Effects of moisture absorption on penetration performance of FRP sandwich structures

Abstract

Fiber-reinforced plastic sandwich structures (FRPSSs) are increasingly used in marine applications thanks to their high levels of stiffness, lightweight, buoyancy and damage resistance to penetration and impacts. This paper investigates the effect of exposure to seawater conditions on mechanical behavior of FRPSSs with various core configurations loaded with indenters with different geometries. A new in-situ acoustic emission (AE) methodology is applied to monitor the moisture evolution process, while X-ray micro-computed tomography validated its influence on out-of-plane failure modes observed in quasi-static indentation experiments.
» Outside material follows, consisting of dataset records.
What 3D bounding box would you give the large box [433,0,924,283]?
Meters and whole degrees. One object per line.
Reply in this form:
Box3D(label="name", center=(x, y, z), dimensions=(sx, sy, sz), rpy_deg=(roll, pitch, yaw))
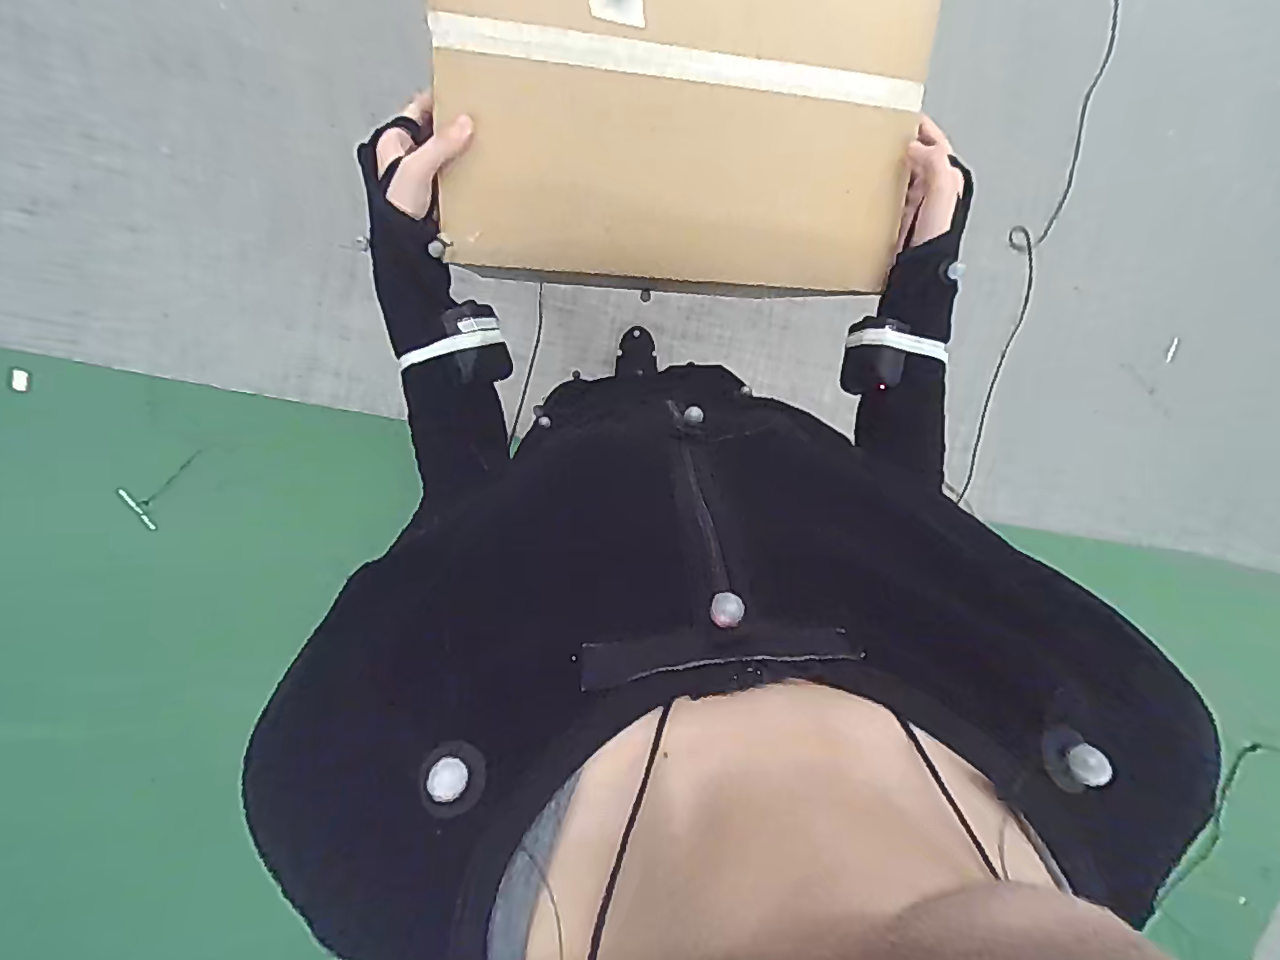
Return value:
Box3D(label="large box", center=(0.017, -0.383, 0.583), dimensions=(0.408, 0.320, 0.320), rpy_deg=(0, 108, -10))

Results indicate that AE velocity can effectively monitor the moisture uptake, serving as an in situ structural health monitoring approach. It was also revealed that the core configuration had a limited effect on moisture ingress. Samples exposed to sharp indentation exhibited the greatest decrease in load-bearing capacity (in excess of 50% in some cases) while that for blunt indentation was the lowest. This can be explained by reduced penetration forces resulting from matrix plasticization and degraded matrix/fiber interface, exacerbated by a smaller contact area. Also, early damage initiation and intensified damage progression were observed for sharp indenters after the seawater exposure. The core of FRPSSs significantly influenced localized damage in samples indented with conical and flat indenters, unlike those subjected to hemispherical ones. The seawater exposure adversely affected the energy absorption and penetration performance, enhancing macroscale damage mechanisms. These findings offer valuable insights for design and optimization of FRPSSs for marine applications.